His adopted daughter, who took the name of Oshienushisama, became his chief devotee, and when Okada died in 1974 a bitter court case was fought over who should succeed him, with Oshienushisama losing and breaking away to found Sukyo Mahikari.
All property of the sect is in her name making her one of the richest people in Japan where she has built lavish memorials, shrines and a 45-metre tall pyramid, most of which are closed to members.

An American academic, Winston Davis, who in a 1980 book entitled Dojo, made a comprehensive study of the sect and its practices of magic, described Mahikari thus: "as a religion ... virtually slow magic, and ... as magic it is fast religion."

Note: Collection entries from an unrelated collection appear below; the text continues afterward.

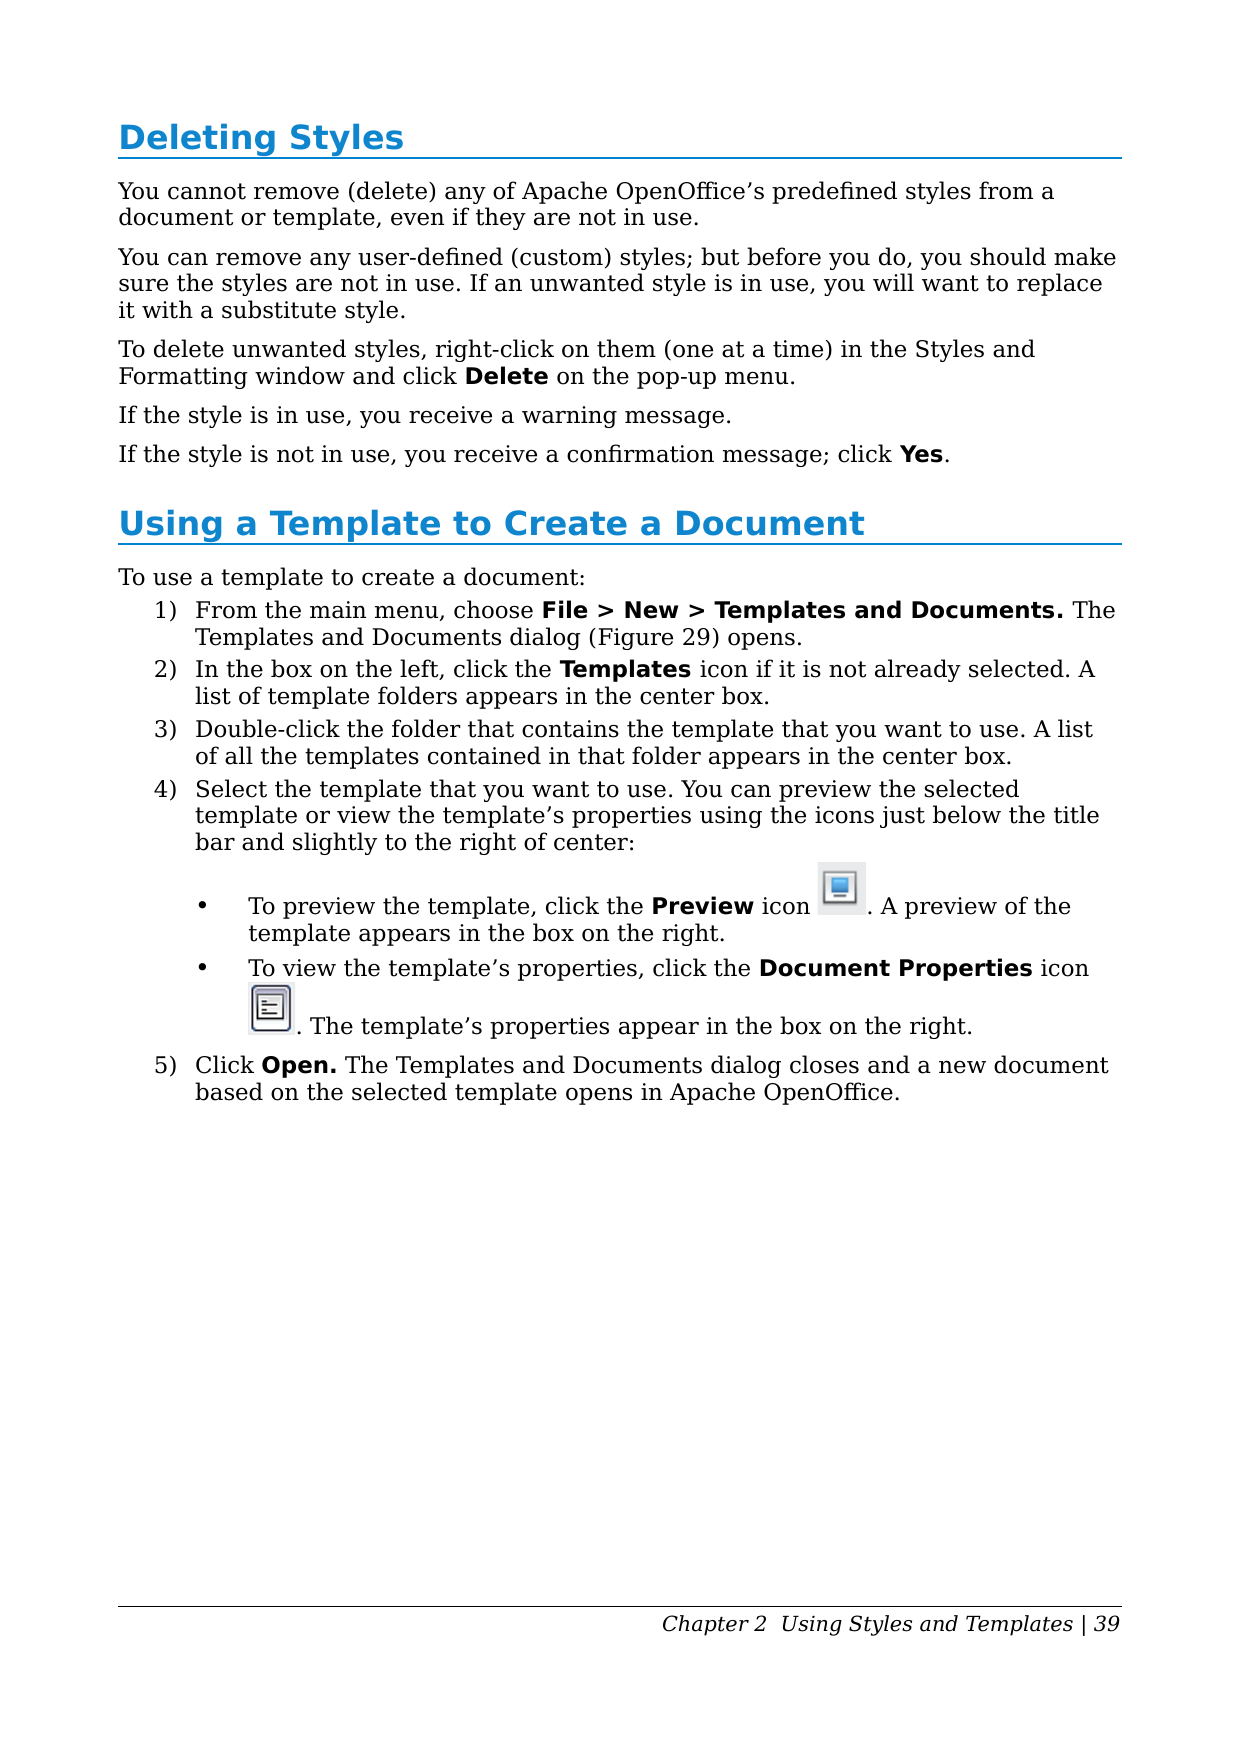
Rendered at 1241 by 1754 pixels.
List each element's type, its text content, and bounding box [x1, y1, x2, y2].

list To use a template to create a document: [118, 564, 1122, 591]
subtitle Deleting Styles [118, 118, 1122, 157]
list Select the template that you want to use. You can preview the selected template or view the template’s properties using the icons just below the title bar and slightly to the right of center: [177, 776, 1122, 856]
text If the style is in use, you receive a warning message. [118, 402, 1122, 429]
list From the main menu, choose File > New > Templates and Documents. The Templates and Documents dialog (Figure 8) opens. [177, 597, 1122, 650]
text You can remove any user-defined (custom) styles; but before you do, you should make sure the styles are not in use. If an unwanted style is in use, you will want to replace it with a substitute style. [118, 244, 1122, 324]
list To view the template’s properties, click the Document Properties icon . The template’s properties appear in the box on the right. [195, 953, 1122, 1040]
text If the style is not in use, you receive a confirmation message; click Yes. [118, 441, 1122, 468]
list To preview the template, click the Preview icon . A preview of the template appears in the box on the right. [195, 888, 1122, 947]
subtitle Using a Template to Create a Document [118, 504, 1122, 543]
list Click Open. The Templates and Documents dialog closes and a new document based on the selected template opens in Apache OpenOffice. [177, 1052, 1122, 1106]
list In the box on the left, click the Templates icon if it is not already selected. A list of template folders appears in the center box. [177, 657, 1122, 710]
picture [817, 862, 867, 915]
text You cannot remove (delete) any of Apache OpenOffice’s predefined styles from a document or template, even if they are not in use. [118, 178, 1122, 231]
text To delete unwanted styles, right-click on them (one at a time) in the Styles and Formatting window and click Delete on the pop-up menu. [118, 336, 1122, 389]
picture [248, 982, 296, 1035]
list Double-click the folder that contains the template that you want to use. A list of all the templates contained in that folder appears in the center box. [177, 716, 1122, 769]
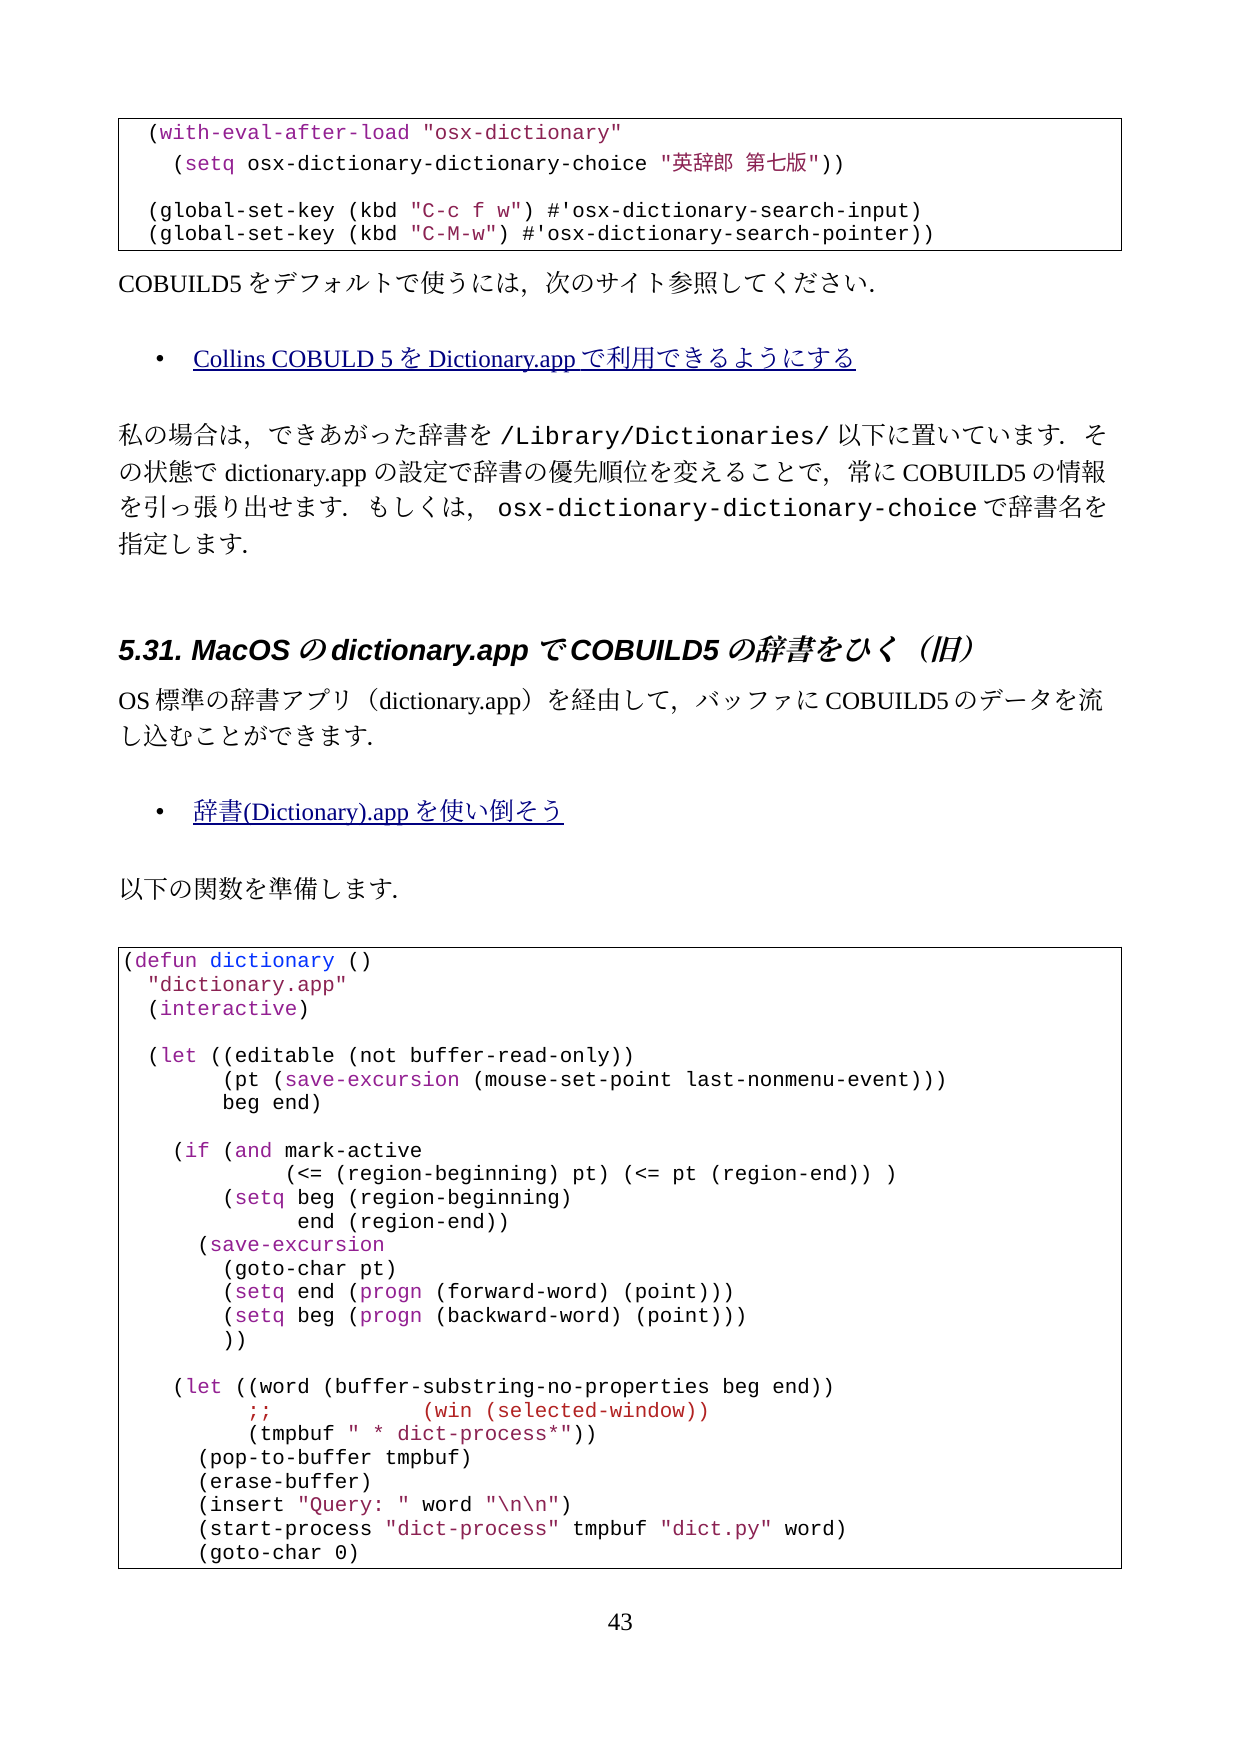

It has spread all over the globe, with its Australian regional headquarters based in Canberra looking after a mini-empire stretching as far as South Africa.

The head of Sukyo Mahikari here, variously described as spiritual director, president and chairman, is Latvian-born Andris Tebecis, a highly-qualified scientist who was once at the John Curtin School of Medical Research where he carried out micro-electrode research on the cat brain and studied altered states of human consciousness in the Psychology Department at ANU.

It was while he was in Japan in 1975 as a visiting professor that he came across Mahikari.

Dr Tebecis, with his Japanese wife Yasumi, and a Luxembourg-based Japanese man, are the listed directors of Sukyo Mahikari Australia Limited, a company incorporated in the ACT, and set up as a trustee of four trusts - Sukyo Mahikari School Building Fund, Sukyo Mahikari Australia Fund, Sukyo Mahikari South Africa Trust and Sukyo Mahikari School Operation Fund.

According to the latest detailed returns lodged with the Australian Securities Commission, Sukyo Mahikari Japan is "the ultimate controlling entity of trust funds" and in 1995 $90,242 was remitted to Japan, and $196,832 in 1994. In 1995, $105,922 was paid to the directors, one of whom received an amount exceeding $100,000.